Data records
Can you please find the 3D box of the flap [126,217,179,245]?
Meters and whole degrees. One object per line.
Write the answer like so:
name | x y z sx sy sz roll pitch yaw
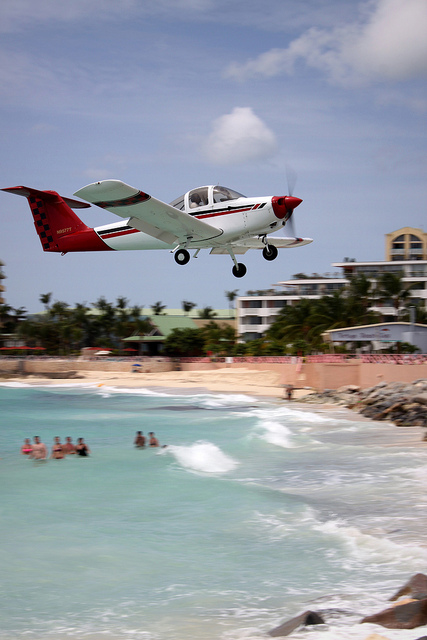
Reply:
flap | -1.424 -2.149 16.769 0.373 0.605 1.428 -4 -1 42

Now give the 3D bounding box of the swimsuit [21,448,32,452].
swimsuit | -4.263 2.989 16.078 0.244 0.048 0.211 -1 -2 4

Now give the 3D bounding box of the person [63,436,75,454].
person | -3.302 2.858 16.035 0.253 0.396 0.815 -4 0 -13

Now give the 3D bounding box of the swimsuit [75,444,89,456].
swimsuit | -3.012 2.994 16.073 0.311 0.236 0.155 2 -19 -7

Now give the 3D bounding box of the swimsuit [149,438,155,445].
swimsuit | -1.479 2.972 17.056 0.208 0.164 0.052 -4 -8 12

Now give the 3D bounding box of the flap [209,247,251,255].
flap | 0.354 -1.846 18.625 0.866 0.193 1.101 -3 0 25

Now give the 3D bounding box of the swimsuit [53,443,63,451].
swimsuit | -3.488 2.879 15.805 0.193 0.144 0.079 -1 12 2

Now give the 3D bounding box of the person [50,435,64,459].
person | -3.530 2.847 15.798 0.314 0.521 1.216 -4 0 -13
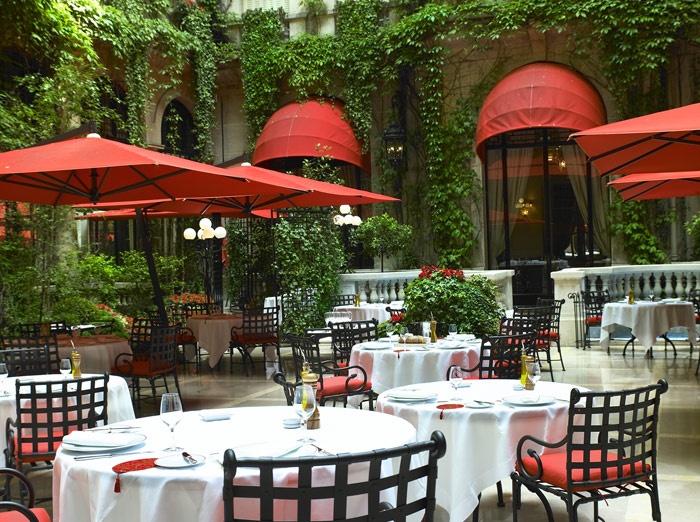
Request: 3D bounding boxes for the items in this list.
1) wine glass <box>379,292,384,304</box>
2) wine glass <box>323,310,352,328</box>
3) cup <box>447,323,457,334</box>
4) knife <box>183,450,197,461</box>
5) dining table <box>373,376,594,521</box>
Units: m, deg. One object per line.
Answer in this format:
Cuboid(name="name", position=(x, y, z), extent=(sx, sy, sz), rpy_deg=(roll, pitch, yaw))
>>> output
Cuboid(name="wine glass", position=(0.676, 0.792, 17.052), extent=(0.125, 0.246, 0.128), rpy_deg=(4, -13, -29))
Cuboid(name="wine glass", position=(-0.216, 1.006, 13.913), extent=(0.291, 0.260, 0.326), rpy_deg=(0, -2, -11))
Cuboid(name="cup", position=(1.229, 0.833, 9.775), extent=(0.108, 0.129, 0.116), rpy_deg=(-1, 1, 0))
Cuboid(name="knife", position=(-1.197, 1.477, 6.045), extent=(0.044, 0.051, 0.174), rpy_deg=(-2, 2, -21))
Cuboid(name="dining table", position=(1.073, 1.540, 7.502), extent=(1.349, 1.005, 1.470), rpy_deg=(-1, 4, 2))
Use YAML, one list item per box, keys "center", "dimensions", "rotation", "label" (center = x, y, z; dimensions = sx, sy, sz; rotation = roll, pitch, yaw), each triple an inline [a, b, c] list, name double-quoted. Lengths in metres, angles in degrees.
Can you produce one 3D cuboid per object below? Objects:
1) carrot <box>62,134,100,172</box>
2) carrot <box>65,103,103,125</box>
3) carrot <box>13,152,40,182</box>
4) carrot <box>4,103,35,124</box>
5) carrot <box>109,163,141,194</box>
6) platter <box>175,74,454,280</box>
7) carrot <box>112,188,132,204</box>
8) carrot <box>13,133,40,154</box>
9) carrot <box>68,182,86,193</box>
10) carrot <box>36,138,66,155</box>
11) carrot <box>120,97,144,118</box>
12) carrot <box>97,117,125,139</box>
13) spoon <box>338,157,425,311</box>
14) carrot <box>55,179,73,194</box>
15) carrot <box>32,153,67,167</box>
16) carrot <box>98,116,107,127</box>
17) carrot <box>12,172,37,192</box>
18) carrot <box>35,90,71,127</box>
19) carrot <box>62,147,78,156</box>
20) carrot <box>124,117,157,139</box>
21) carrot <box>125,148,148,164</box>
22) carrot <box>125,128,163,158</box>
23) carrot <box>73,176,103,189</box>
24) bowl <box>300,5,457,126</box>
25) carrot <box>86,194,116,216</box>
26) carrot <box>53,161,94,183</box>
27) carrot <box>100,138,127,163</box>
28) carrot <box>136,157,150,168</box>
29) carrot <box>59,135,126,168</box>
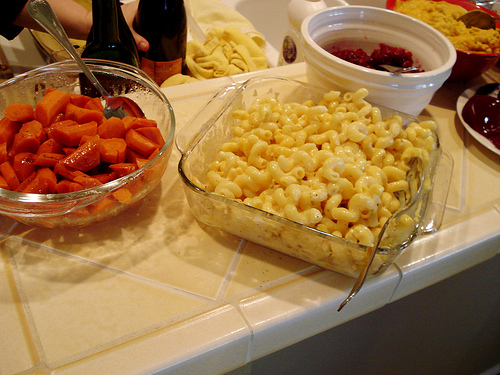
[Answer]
- center: [-0.266, -0.051, 0.668]
  dimensions: [0.042, 0.065, 0.019]
  rotation: [-29, 62, -19]
  label: "carrot"
- center: [-0.290, -0.127, 0.722]
  dimensions: [0.048, 0.017, 0.038]
  rotation: [-6, 44, -26]
  label: "carrot"
- center: [-0.365, -0.030, 0.692]
  dimensions: [0.044, 0.042, 0.042]
  rotation: [7, 19, 34]
  label: "carrot"
- center: [-0.393, -0.128, 0.712]
  dimensions: [0.041, 0.013, 0.031]
  rotation: [-1, 75, -13]
  label: "carrot"
- center: [-0.200, -0.013, 0.673]
  dimensions: [0.041, 0.023, 0.044]
  rotation: [-9, 73, -21]
  label: "carrot"
- center: [0.081, -0.048, 0.824]
  dimensions: [0.536, 0.378, 0.403]
  rotation: [-12, 25, -26]
  label: "platter"
- center: [-0.203, 0.016, 0.670]
  dimensions: [0.030, 0.031, 0.010]
  rotation: [-22, 51, -28]
  label: "carrot"
- center: [-0.368, -0.073, 0.690]
  dimensions: [0.028, 0.026, 0.016]
  rotation: [-9, 41, -13]
  label: "carrot"
- center: [-0.272, 0.000, 0.654]
  dimensions: [0.023, 0.017, 0.013]
  rotation: [5, 28, -8]
  label: "carrot"
- center: [-0.329, -0.068, 0.694]
  dimensions: [0.047, 0.033, 0.026]
  rotation: [-3, 76, -12]
  label: "carrot"
- center: [-0.225, -0.156, 0.815]
  dimensions: [0.016, 0.038, 0.042]
  rotation: [-43, 98, 2]
  label: "carrot"
- center: [-0.238, -0.099, 0.718]
  dimensions: [0.046, 0.032, 0.029]
  rotation: [-10, 47, -19]
  label: "carrot"
- center: [0.209, 0.068, 0.679]
  dimensions: [0.055, 0.042, 0.309]
  rotation: [38, 77, -4]
  label: "spoon"
- center: [-0.293, -0.001, 0.660]
  dimensions: [0.013, 0.018, 0.010]
  rotation: [29, 28, -9]
  label: "carrot"
- center: [-0.325, -0.044, 0.675]
  dimensions: [0.039, 0.010, 0.022]
  rotation: [5, 60, 0]
  label: "carrot"
- center: [-0.261, -0.118, 0.740]
  dimensions: [0.004, 0.016, 0.016]
  rotation: [36, 76, 13]
  label: "carrot"
- center: [-0.357, -0.008, 0.660]
  dimensions: [0.027, 0.028, 0.009]
  rotation: [-43, 107, -11]
  label: "carrot"
- center: [-0.332, -0.145, 0.738]
  dimensions: [0.065, 0.055, 0.043]
  rotation: [10, 32, 9]
  label: "carrot"
- center: [-0.298, -0.060, 0.692]
  dimensions: [0.016, 0.009, 0.016]
  rotation: [-20, 68, 1]
  label: "carrot"
- center: [-0.195, -0.107, 0.745]
  dimensions: [0.048, 0.030, 0.018]
  rotation: [0, 30, -6]
  label: "carrot"
- center: [-0.190, -0.054, 0.729]
  dimensions: [0.045, 0.024, 0.032]
  rotation: [17, 5, 1]
  label: "carrot"
- center: [-0.187, -0.075, 0.715]
  dimensions: [0.068, 0.024, 0.039]
  rotation: [33, 38, -2]
  label: "carrot"
- center: [-0.257, -0.009, 0.661]
  dimensions: [0.031, 0.008, 0.016]
  rotation: [18, 39, -23]
  label: "carrot"
- center: [0.269, -0.256, 0.891]
  dimensions: [0.262, 0.149, 0.273]
  rotation: [0, 48, 0]
  label: "bowl"
- center: [-0.233, 0.028, 0.662]
  dimensions: [0.031, 0.035, 0.013]
  rotation: [-36, 96, -31]
  label: "carrot"
- center: [-0.285, -0.029, 0.670]
  dimensions: [0.030, 0.016, 0.047]
  rotation: [-41, 95, 1]
  label: "carrot"
- center: [-0.229, -0.063, 0.706]
  dimensions: [0.039, 0.026, 0.046]
  rotation: [0, 44, -9]
  label: "carrot"
- center: [-0.179, -0.042, 0.701]
  dimensions: [0.016, 0.005, 0.023]
  rotation: [43, 42, 16]
  label: "carrot"
- center: [-0.259, -0.058, 0.684]
  dimensions: [0.048, 0.026, 0.101]
  rotation: [26, 42, 12]
  label: "carrot"
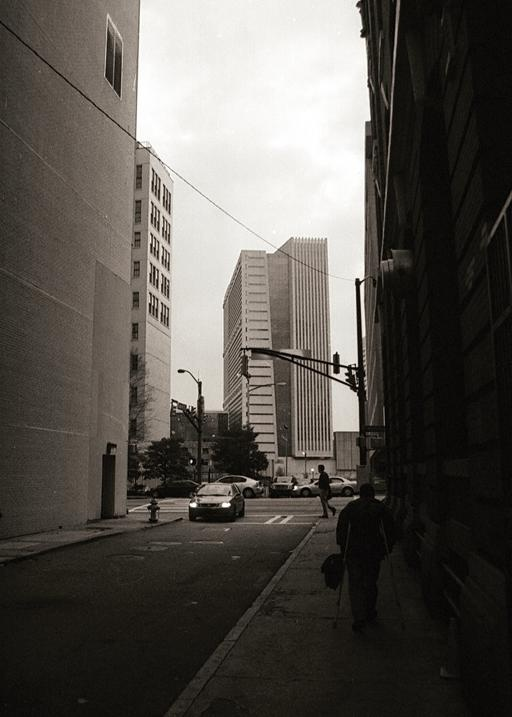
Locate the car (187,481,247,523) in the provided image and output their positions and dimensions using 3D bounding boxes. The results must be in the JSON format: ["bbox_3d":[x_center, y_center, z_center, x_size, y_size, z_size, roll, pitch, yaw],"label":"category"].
[{"bbox_3d":[-1.448,5.306,23.126,1.640,1.458,2.743,-4,-13,8],"label":"car"}]

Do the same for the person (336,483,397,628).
[{"bbox_3d":[1.100,2.015,6.501,0.693,1.415,0.570,5,-10,-35],"label":"person"}]

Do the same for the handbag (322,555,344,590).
[{"bbox_3d":[0.783,2.163,6.235,0.231,0.117,0.301,11,-36,50],"label":"handbag"}]

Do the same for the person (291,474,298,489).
[{"bbox_3d":[2.939,9.446,47.796,0.503,0.757,1.124,1,0,3],"label":"person"}]
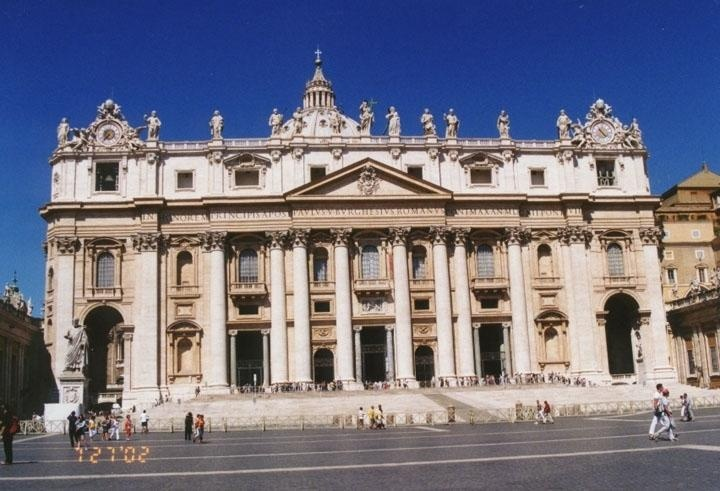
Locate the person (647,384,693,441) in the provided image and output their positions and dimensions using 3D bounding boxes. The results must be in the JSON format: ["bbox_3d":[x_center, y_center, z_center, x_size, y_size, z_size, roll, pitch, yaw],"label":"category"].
[{"bbox_3d":[14.397,8.109,38.794,1.147,2.503,1.311,-7,-15,17],"label":"person"}]

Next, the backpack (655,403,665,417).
[{"bbox_3d":[14.333,7.891,38.586,0.432,0.552,0.577,-7,-15,17],"label":"backpack"}]
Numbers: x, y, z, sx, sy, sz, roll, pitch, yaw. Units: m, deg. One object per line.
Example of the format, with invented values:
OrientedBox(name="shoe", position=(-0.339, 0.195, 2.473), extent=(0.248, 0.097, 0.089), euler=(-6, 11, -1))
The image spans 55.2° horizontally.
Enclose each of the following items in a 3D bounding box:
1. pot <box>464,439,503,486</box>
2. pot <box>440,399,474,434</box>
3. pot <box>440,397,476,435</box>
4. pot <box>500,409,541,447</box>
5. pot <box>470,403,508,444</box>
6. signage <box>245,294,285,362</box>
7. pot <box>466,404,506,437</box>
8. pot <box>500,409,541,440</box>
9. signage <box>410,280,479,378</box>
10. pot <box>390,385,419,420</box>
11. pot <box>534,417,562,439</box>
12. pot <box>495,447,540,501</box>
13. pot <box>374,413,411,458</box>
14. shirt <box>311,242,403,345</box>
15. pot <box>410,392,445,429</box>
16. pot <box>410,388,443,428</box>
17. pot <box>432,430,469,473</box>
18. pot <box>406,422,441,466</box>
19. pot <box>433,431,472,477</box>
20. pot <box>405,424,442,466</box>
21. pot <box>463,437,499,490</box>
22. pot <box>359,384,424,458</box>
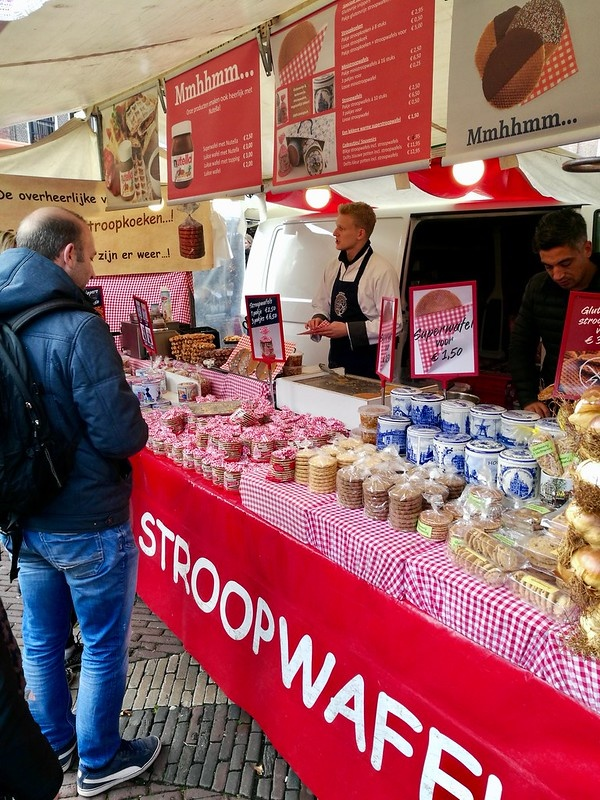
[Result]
OrientedBox(name="pot", position=(0.570, 0.198, 1.861), extent=(0.127, 0.133, 0.127), euler=(1, 4, 0))
OrientedBox(name="pot", position=(0.538, 0.054, 2.002), extent=(0.114, 0.116, 0.112), euler=(0, 7, 0))
OrientedBox(name="pot", position=(0.537, 0.054, 2.002), extent=(0.115, 0.117, 0.114), euler=(0, 6, 0))
OrientedBox(name="pot", position=(0.700, 0.088, 1.860), extent=(0.115, 0.104, 0.113), euler=(-1, 10, 0))
OrientedBox(name="pot", position=(0.626, 0.076, 1.961), extent=(0.118, 0.119, 0.116), euler=(0, 8, 0))
OrientedBox(name="signage", position=(-0.191, -0.374, 3.144), extent=(0.194, 0.400, 0.315), euler=(-2, 12, -4))
OrientedBox(name="pot", position=(0.633, 0.074, 1.975), extent=(0.110, 0.107, 0.108), euler=(-1, 9, 0))
OrientedBox(name="pot", position=(0.718, 0.072, 1.891), extent=(0.100, 0.103, 0.098), euler=(-1, 11, 0))
OrientedBox(name="signage", position=(0.538, -0.260, 2.156), extent=(0.346, 0.459, 0.022), euler=(8, 22, 35))
OrientedBox(name="pot", position=(0.392, 0.007, 2.255), extent=(0.118, 0.119, 0.115), euler=(0, 9, 0))
OrientedBox(name="pot", position=(0.748, 0.079, 1.729), extent=(0.058, 0.059, 0.057), euler=(-12, 14, 3))
OrientedBox(name="pot", position=(0.670, 0.237, 1.758), extent=(0.150, 0.136, 0.147), euler=(1, 7, 0))
OrientedBox(name="pot", position=(0.344, 0.129, 2.149), extent=(0.141, 0.143, 0.140), euler=(0, 5, 0))
OrientedBox(name="shirt", position=(0.410, -0.741, 4.290), extent=(0.500, 0.738, 0.862), euler=(-14, 24, -36))
OrientedBox(name="pot", position=(0.463, 0.040, 2.125), extent=(0.120, 0.117, 0.118), euler=(0, 7, 0))
OrientedBox(name="pot", position=(0.449, 0.033, 2.131), extent=(0.121, 0.122, 0.118), euler=(0, 7, 0))
OrientedBox(name="pot", position=(0.503, 0.171, 1.964), extent=(0.122, 0.129, 0.120), euler=(-1, 7, 0))
OrientedBox(name="pot", position=(0.421, 0.153, 2.031), extent=(0.130, 0.135, 0.127), euler=(0, 5, 0))
OrientedBox(name="pot", position=(0.498, 0.176, 1.917), extent=(0.129, 0.136, 0.126), euler=(-1, 7, 0))
OrientedBox(name="pot", position=(0.422, 0.153, 2.030), extent=(0.130, 0.134, 0.127), euler=(0, 5, 0))
OrientedBox(name="pot", position=(0.568, 0.198, 1.795), extent=(0.125, 0.135, 0.124), euler=(1, 6, 0))
OrientedBox(name="pot", position=(0.366, 0.073, 2.304), extent=(0.250, 0.257, 0.254), euler=(0, 6, 0))
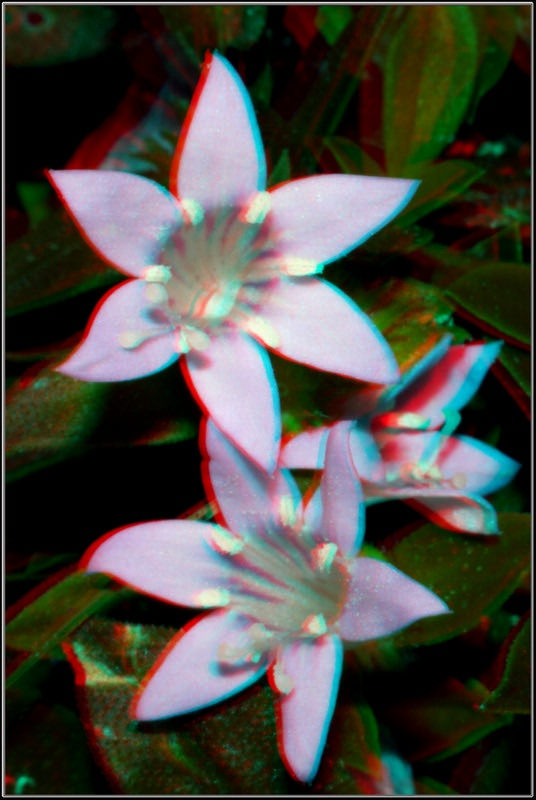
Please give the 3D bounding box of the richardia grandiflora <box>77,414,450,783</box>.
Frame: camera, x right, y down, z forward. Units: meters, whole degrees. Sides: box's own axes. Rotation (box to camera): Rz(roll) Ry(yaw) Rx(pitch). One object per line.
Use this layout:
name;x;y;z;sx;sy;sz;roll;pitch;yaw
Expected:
richardia grandiflora;-0.017;0.202;0.768;0.281;0.326;0.247;-19;32;-16

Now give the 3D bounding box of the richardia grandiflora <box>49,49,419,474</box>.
richardia grandiflora;-0.027;-0.143;0.771;0.325;0.358;0.250;1;32;16

REQUIRED WORK: In the entries above, please find the line with "3. pot <box>440,397,476,435</box>" and the line with "22. pot <box>359,384,424,458</box>", then write out exactly those two lines and every line between them, and nothing more.

WORKED SOLUTION:
3. pot <box>440,397,476,435</box>
4. pot <box>500,409,541,447</box>
5. pot <box>470,403,508,444</box>
6. signage <box>245,294,285,362</box>
7. pot <box>466,404,506,437</box>
8. pot <box>500,409,541,440</box>
9. signage <box>410,280,479,378</box>
10. pot <box>390,385,419,420</box>
11. pot <box>534,417,562,439</box>
12. pot <box>495,447,540,501</box>
13. pot <box>374,413,411,458</box>
14. shirt <box>311,242,403,345</box>
15. pot <box>410,392,445,429</box>
16. pot <box>410,388,443,428</box>
17. pot <box>432,430,469,473</box>
18. pot <box>406,422,441,466</box>
19. pot <box>433,431,472,477</box>
20. pot <box>405,424,442,466</box>
21. pot <box>463,437,499,490</box>
22. pot <box>359,384,424,458</box>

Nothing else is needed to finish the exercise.